To understand precisely which categories were most commonly confused, we can print the absolute and relative values of the confusion matrix, as follows.
print('actual/pred'.ljust(16), end='')
for i,c in enumerate(classes):
print(c.ljust(10), end='')
print()
for i,r in enumerate(confusion_matrix):
print(classes[i].ljust(16), end='')
for idx, p in enumerate(r):
print(str(p).ljust(10), end='')
print()
r = r/np.sum(r)
print(''.ljust(16), end='')
for idx, p in enumerate(r):
print(str(p).ljust(10), end='')
print()
actual/pred plane car bird cat deer dog frog horse ship truck
plane 535 68 195 4 3 2 10 8 153 22
0.535 0.068 0.195 0.004 0.003 0.002 0.01 0.008 0.153 0.022
car 22 827 16 7 2 2 3 4 68 49
0.022 0.827 0.016 0.007 0.002 0.002 0.003 0.004 0.068 0.049
bird 55 35 610 40 60 59 35 35 42 29
0.055 0.035 0.61 0.04 0.06 0.059 0.035 0.035 0.042 0.029
cat 26 64 189 254 38 168 52 95 38 76
0.026 0.064 0.189 0.254 0.038 0.168 0.052 0.095 0.038 0.076
deer 33 40 319 54 329 33 24 117 32 19
0.033 0.04 0.319 0.054 0.329 0.033 0.024 0.117 0.032 0.019
dog 14 33 193 136 27 402 22 121 24 28
0.014 0.033 0.193 0.136 0.027 0.402 0.022 0.121 0.024 0.028
frog 8 81 140 86 93 30 437 29 41 55
0.008 0.081 0.14 0.086 0.093 0.03 0.437 0.029 0.041 0.055
horse 23 24 108 39 35 56 3 637 7 68
0.023 0.024 0.108 0.039 0.035 0.056 0.003 0.637 0.007 0.068
ship 98 84 38 9 1 8 1 6 738 17
0.098 0.084 0.038 0.009 0.001 0.008 0.001 0.006 0.738 0.017
truck 41 361 16 4 1 5 5 6 110 451
0.041 0.361 0.016 0.004 0.001 0.005 0.005 0.006 0.11 0.451
Conclusion
In this notebook, we trained a simple convolutional neural network using PyTorch on the CIFAR-10 data set. 50,000 images were used for training and 10,000 images were used to evaluate the performance.

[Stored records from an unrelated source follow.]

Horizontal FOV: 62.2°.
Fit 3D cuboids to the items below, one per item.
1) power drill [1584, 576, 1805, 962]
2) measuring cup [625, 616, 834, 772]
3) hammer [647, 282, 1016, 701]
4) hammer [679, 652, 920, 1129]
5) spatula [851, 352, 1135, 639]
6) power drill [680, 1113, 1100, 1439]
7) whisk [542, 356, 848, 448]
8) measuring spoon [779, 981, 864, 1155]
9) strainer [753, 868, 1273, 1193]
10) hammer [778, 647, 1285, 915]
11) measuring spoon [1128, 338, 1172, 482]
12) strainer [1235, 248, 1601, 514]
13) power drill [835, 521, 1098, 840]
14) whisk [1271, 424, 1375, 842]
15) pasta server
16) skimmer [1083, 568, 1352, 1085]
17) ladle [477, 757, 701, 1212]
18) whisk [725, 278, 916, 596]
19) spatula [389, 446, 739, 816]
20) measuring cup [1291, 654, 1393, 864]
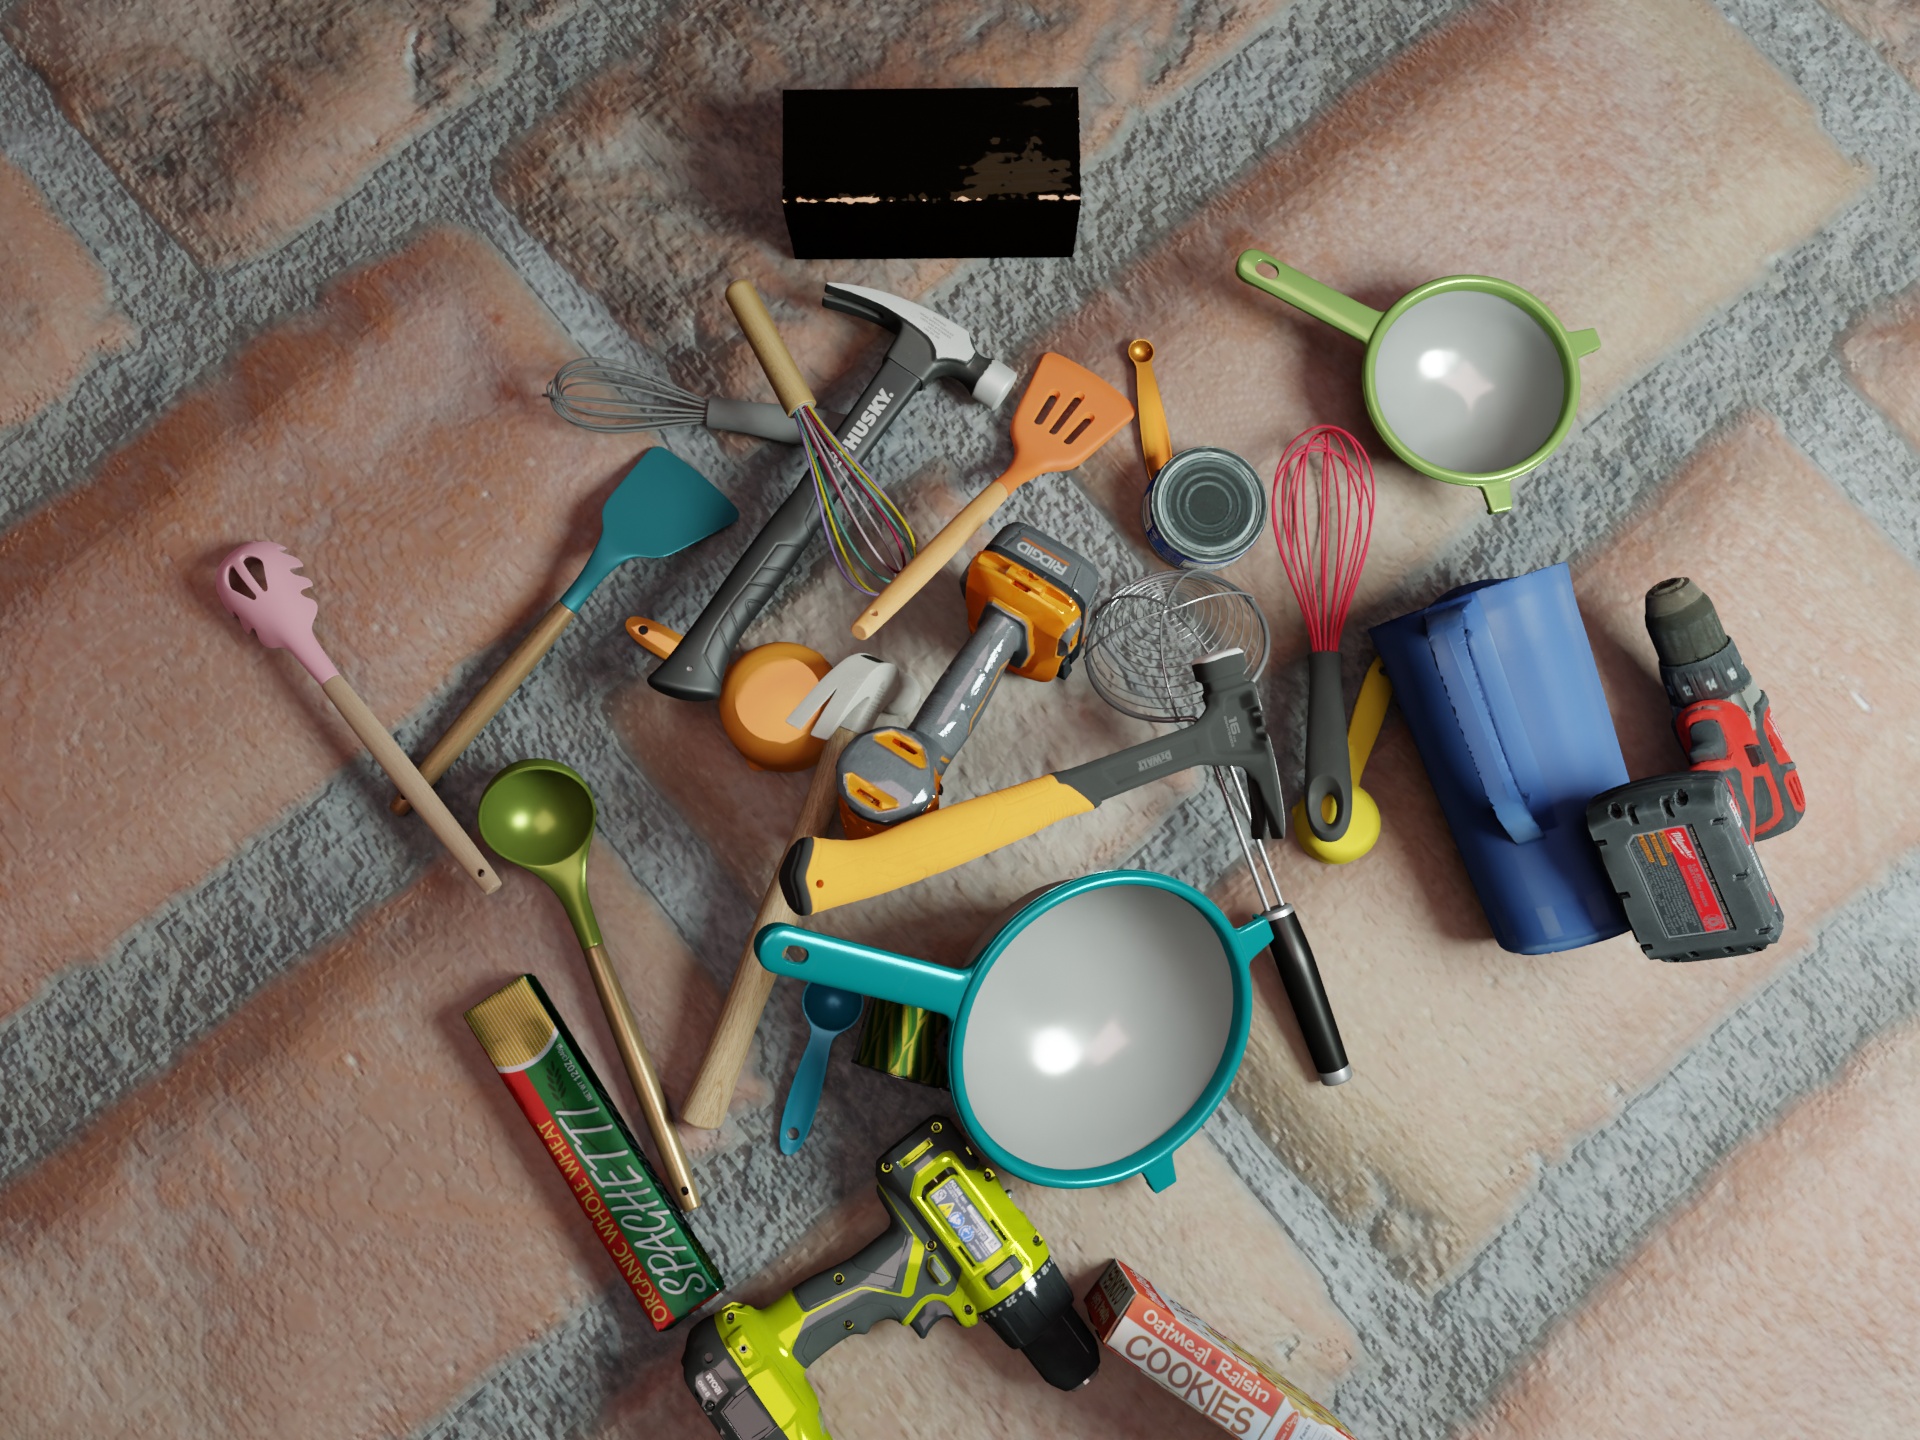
[{"bbox_3d":[0.467,0.026,1.007,0.227,0.080,0.188,-40,107,-48],"label":"power drill"},{"bbox_3d":[-0.159,-0.031,1.095,0.173,0.052,0.095,29,82,2],"label":"measuring cup"},{"bbox_3d":[-0.108,-0.153,1.090,0.146,0.035,0.335,34,75,-2],"label":"hammer"},{"bbox_3d":[-0.115,0.112,1.053,0.031,0.130,0.331,21,89,19],"label":"hammer"},{"bbox_3d":[0.017,-0.149,1.064,0.081,0.041,0.323,35,47,5],"label":"spatula"},{"bbox_3d":[-0.042,0.394,1.015,0.228,0.080,0.190,-36,82,-9],"label":"power drill"},{"bbox_3d":[-0.177,-0.219,1.134,0.239,0.055,0.055,8,81,-4],"label":"whisk"},{"bbox_3d":[-0.098,0.230,1.075,0.042,0.021,0.128,17,90,2],"label":"measuring spoon"},{"bbox_3d":[0.020,0.167,0.999,0.340,0.095,0.211,18,95,-24],"label":"strainer"},{"bbox_3d":[0.050,0.058,0.961,0.337,0.034,0.127,-17,94,-25],"label":"hammer"},{"bbox_3d":[0.138,-0.219,1.153,0.021,0.011,0.117,-8,84,-6],"label":"measuring spoon"},{"bbox_3d":[0.306,-0.257,1.128,0.256,0.069,0.151,29,84,5],"label":"strainer"},{"bbox_3d":[-0.002,-0.003,1.052,0.084,0.164,0.226,31,70,11],"label":"power drill"},{"bbox_3d":[0.250,-0.064,1.091,0.073,0.073,0.296,2,79,0],"label":"whisk"},{"bbox_3d":[-0.413,-0.005,1.091,0.060,0.040,0.316,-40,82,-6],"label":"pasta server"},{"bbox_3d":[0.193,0.070,1.094,0.127,0.090,0.363,-20,91,2],"label":"skimmer"},{"bbox_3d":[-0.238,0.176,1.060,0.078,0.062,0.320,-22,84,-4],"label":"ladle"},{"bbox_3d":[-0.093,-0.191,1.062,0.051,0.047,0.245,-22,79,-32],"label":"whisk"},{"bbox_3d":[-0.288,-0.057,1.116,0.082,0.044,0.317,40,87,5],"label":"spatula"},{"bbox_3d":[0.276,0.024,1.100,0.062,0.029,0.156,19,84,3],"label":"measuring cup"}]

The model performed well, achieving an accuracy of 52.2% compared to a baseline of 10%, since there are 10 categories in CIFAR-10, if the model guessed randomly.

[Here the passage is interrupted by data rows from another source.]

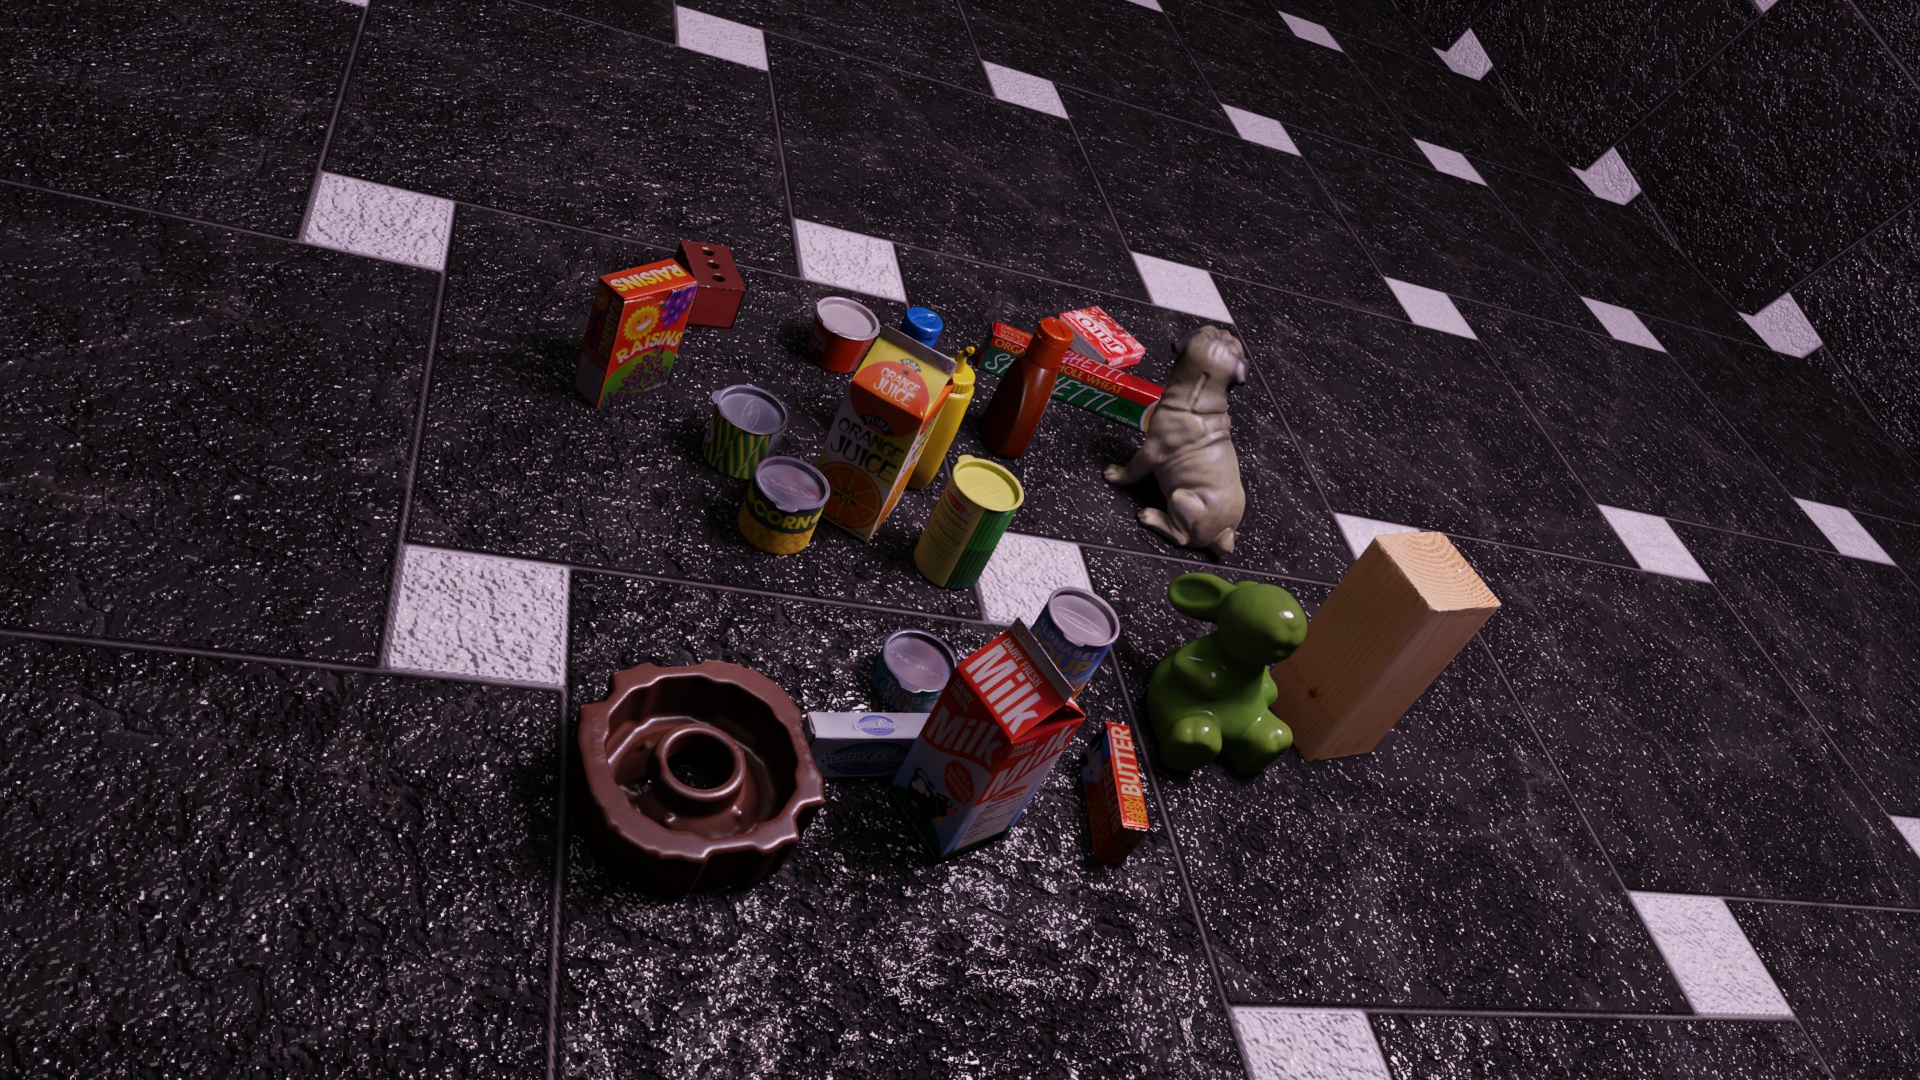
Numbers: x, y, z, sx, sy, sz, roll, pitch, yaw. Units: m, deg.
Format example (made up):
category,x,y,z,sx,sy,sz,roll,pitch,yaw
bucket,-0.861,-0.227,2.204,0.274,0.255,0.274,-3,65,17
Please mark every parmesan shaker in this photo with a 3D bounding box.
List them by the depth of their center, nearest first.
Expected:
category,x,y,z,sx,sy,sz,roll,pitch,yaw
parmesan shaker,0.004,-0.016,1.237,0.071,0.102,0.072,16,39,-14

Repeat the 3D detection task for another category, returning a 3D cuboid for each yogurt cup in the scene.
category,x,y,z,sx,sy,sz,roll,pitch,yaw
yogurt cup,-0.123,-0.208,1.419,0.072,0.053,0.073,16,39,-14

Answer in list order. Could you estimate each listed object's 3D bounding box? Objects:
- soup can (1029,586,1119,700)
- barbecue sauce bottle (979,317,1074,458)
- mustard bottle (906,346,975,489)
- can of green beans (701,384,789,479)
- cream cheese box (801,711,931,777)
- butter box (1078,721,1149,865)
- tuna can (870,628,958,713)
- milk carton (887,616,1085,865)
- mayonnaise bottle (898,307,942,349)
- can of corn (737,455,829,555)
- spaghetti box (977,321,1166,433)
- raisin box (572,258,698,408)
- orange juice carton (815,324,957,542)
category,x,y,z,sx,sy,sz,roll,pitch,yaw
soup can,0.087,0.092,1.179,0.071,0.083,0.072,16,39,-14
barbecue sauce bottle,0.067,-0.155,1.395,0.044,0.147,0.065,3,44,-28
mustard bottle,-0.022,-0.122,1.295,0.049,0.159,0.066,19,39,-11
can of green beans,-0.194,-0.097,1.249,0.071,0.057,0.071,16,39,-14
cream cheese box,-0.072,0.153,1.041,0.104,0.053,0.024,4,44,-27
butter box,0.121,0.200,1.101,0.024,0.052,0.104,14,40,-17
tuna can,-0.038,0.108,1.128,0.071,0.032,0.071,16,39,-14
milk carton,0.023,0.142,0.999,0.074,0.189,0.072,-12,53,-39
mayonnaise bottle,-0.059,-0.152,1.318,0.065,0.147,0.041,-16,55,-41
can of corn,-0.153,-0.028,1.194,0.071,0.058,0.071,16,39,-14
spaghetti box,0.141,-0.173,1.538,0.250,0.050,0.029,20,39,-9
raisin box,-0.290,-0.184,1.238,0.040,0.122,0.086,42,40,18
orange juice carton,-0.068,-0.098,1.216,0.072,0.191,0.073,30,38,3

To improve the performance we can try adding convolution layers, more filters or more fully connected layers. We could also train the model for more than two epochs while introducing some form of regularisation, such as dropout or batch normalization, so as not to overfit the training data.
Keep in mind that complex models with hundreds of thousands of parameters are computationally more expensive to train and thus you should consider training such models on a GPU enabled machine to speed up the process.